Yassuri Potoy Ortiz, une jeune femme trans, finissait ses études d’infirmière au Nicaragua lorsqu’ont éclaté les manifestations contre le gouvernement du président Daniel Ortega au printemps 2018. Pour avoir apporté son aide aux manifestant.e.s blessé.e.s, elle a été expulsée de l’Université et a été, ainsi que sa famille, la cible de menaces.

Comme des dizaines de milliers de ses compatriotes, elle a pris le chemin de l’exil au Costa Rica pour fuir la répression. Elle vit aujourd’hui dans un village de la côte caribéenne du Costa Rica.

« Je suis partie notamment en voyant le traitement inhumain infligés aux gens dans les prisons, où beaucoup de personnes de la communauté LGBT ont été victimes d’abus sexuels, de torture, de mauvais traitements », explique la jeune femme. Les geôliers dénudaient les femmes trans « pour faire de leurs corps un objet de moqueries », dénonce-t-elle encore.

« Si j’étais restée (au Nicaragua), on allait m’emprisonner tôt ou tard », assure-t-elle.

« En Amérique centrale, les disparitions forcées, les meurtres de militants, les exécutions extrajudiciaires, les prisonniers politiques, c’est devenu trop courant  »

Le Costa Rica, un asile pour les personnes LGBT+ persécutées

Au Nicaragua, « si tu es de la communauté de la diversité sexuelle, la violence institutionnelle, physique, économique et symbolique se déchaîne », témoigne Carlos Daniel Berrios, qui a lui aussi quitté son pays en proie à la répression en 2018.

Étudiant, âgé de 28 ans, ce fils de militant.e.s du Front sandiniste de libération nationale (FSLN, le parti du président Ortega, au pouvoir) a entrepris au Costa Rica des études de sciences politiques, tout en poursuivant depuis son exil des activités militantes en faveur des droits de l’homme en Amérique centrale.

A l’exception du Costa Rica, « en Amérique centrale, les disparitions forcées, les meurtres de militants, les exécutions extrajudiciaires, les prisonniers politiques, c’est devenu trop courant  », dénonce Carlos Daniel Berrios.

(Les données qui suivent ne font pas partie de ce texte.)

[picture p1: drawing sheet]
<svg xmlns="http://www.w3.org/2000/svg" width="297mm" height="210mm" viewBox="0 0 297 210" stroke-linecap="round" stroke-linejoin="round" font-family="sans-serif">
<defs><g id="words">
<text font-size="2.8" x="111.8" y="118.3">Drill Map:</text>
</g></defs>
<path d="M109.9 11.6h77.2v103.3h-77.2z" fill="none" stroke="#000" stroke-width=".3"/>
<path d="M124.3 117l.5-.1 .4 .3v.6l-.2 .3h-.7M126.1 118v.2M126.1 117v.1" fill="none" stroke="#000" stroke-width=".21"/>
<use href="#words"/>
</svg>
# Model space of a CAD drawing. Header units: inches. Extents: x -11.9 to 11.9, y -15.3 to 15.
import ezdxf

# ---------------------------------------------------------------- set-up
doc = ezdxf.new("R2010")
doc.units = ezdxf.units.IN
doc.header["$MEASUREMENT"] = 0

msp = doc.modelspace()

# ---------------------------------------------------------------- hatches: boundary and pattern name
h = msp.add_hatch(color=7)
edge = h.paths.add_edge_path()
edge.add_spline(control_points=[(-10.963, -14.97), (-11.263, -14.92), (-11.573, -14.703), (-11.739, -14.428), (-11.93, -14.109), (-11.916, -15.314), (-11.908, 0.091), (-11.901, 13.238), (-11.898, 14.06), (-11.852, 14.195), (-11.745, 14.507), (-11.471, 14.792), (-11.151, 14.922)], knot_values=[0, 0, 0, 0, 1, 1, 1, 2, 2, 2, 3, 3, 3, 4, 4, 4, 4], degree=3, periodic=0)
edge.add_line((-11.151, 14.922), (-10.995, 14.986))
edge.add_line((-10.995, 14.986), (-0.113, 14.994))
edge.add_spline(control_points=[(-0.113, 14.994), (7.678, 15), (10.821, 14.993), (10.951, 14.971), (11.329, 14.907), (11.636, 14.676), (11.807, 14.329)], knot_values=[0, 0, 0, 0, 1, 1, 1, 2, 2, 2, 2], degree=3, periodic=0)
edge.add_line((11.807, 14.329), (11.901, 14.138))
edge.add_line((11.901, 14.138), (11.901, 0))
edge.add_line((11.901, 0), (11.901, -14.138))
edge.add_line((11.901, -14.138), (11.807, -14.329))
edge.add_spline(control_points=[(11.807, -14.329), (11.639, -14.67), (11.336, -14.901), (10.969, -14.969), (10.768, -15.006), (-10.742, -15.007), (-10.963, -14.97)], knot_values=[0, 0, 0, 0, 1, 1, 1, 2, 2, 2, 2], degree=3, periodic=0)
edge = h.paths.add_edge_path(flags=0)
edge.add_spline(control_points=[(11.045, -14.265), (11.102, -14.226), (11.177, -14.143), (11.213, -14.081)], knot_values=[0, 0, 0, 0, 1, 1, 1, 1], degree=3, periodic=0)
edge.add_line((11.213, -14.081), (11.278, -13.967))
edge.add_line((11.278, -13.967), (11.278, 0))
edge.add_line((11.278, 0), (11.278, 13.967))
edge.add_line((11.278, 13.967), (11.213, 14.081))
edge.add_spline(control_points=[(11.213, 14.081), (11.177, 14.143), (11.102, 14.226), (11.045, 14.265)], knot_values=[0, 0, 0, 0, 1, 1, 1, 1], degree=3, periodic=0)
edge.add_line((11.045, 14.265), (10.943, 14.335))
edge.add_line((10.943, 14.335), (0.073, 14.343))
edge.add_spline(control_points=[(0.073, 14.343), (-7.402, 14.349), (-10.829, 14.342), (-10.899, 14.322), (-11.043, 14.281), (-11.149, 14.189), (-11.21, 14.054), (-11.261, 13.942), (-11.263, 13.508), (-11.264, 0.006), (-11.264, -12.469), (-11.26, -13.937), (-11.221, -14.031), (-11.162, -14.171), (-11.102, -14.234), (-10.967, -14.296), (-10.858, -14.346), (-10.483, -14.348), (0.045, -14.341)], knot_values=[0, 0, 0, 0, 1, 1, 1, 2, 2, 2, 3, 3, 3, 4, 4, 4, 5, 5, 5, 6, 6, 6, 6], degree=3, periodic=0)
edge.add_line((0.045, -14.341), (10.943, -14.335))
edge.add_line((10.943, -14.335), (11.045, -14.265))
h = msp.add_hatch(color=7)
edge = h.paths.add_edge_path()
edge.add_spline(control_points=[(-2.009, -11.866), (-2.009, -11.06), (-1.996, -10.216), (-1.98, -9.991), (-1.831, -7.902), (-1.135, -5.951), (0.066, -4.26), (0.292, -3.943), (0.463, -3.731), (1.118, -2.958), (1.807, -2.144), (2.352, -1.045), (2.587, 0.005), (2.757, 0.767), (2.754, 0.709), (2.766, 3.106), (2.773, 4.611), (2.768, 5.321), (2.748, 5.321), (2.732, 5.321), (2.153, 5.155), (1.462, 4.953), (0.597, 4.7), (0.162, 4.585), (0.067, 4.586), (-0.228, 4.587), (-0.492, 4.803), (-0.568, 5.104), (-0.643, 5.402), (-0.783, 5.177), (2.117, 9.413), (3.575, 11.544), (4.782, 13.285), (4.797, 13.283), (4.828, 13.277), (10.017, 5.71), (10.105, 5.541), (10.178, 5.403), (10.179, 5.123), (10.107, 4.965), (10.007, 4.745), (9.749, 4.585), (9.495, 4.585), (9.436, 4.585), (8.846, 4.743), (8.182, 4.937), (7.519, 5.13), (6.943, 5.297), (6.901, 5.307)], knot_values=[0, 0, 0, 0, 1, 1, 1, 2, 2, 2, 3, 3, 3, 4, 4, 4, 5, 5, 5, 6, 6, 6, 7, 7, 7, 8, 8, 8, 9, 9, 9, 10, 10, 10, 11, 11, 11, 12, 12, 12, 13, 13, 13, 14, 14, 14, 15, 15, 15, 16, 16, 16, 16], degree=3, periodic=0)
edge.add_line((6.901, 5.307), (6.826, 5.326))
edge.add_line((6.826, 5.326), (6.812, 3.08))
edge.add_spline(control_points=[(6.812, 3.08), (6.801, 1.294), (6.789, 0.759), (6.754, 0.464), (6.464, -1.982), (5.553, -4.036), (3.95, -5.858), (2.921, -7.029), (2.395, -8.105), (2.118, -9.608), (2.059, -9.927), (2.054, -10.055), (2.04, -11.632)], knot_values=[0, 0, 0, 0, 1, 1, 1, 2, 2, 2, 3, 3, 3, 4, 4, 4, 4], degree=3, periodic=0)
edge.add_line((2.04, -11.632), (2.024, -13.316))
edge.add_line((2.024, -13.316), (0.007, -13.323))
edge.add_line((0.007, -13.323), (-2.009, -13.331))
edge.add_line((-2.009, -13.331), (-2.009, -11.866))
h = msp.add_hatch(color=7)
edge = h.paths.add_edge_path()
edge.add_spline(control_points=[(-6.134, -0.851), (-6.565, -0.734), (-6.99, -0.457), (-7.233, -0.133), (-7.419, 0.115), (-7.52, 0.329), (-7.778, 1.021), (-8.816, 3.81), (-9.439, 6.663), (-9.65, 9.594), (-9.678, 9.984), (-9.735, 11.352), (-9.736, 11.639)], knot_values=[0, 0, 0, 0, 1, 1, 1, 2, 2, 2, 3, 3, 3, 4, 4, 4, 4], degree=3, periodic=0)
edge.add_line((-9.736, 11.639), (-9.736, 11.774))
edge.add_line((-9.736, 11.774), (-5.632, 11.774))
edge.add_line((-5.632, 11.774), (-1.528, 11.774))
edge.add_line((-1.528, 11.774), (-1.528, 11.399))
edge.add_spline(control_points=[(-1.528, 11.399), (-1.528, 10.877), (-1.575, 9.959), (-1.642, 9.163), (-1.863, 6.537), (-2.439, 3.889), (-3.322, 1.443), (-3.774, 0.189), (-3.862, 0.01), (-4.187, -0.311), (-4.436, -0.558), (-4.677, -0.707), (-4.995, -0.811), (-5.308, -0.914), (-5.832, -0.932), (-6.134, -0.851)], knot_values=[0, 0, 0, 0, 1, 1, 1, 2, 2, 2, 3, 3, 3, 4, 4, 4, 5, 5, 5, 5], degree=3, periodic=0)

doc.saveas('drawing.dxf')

Malgré son exil au Costa Rica, Yassury Potoy Ortiz ne se sent pas totalement en sécurité : elle ne veut pas que l’on révèle son âge ni où elle vit et télé-travaille pour une organisation de soutien aux migrant.e.s. Elle milite aussi pour une ONG d’aide aux migrant.e.s de la communauté LGBT+.

« Il y a des fidèles (du régime) d’Ortega dans ce pays, et ils sont capables de (vous) faire vraiment du mal, d’autant plus lorsque l’on défend les personnes LGBT et que l’on réclame la libération des prisonniers politiques  », assure-t-elle.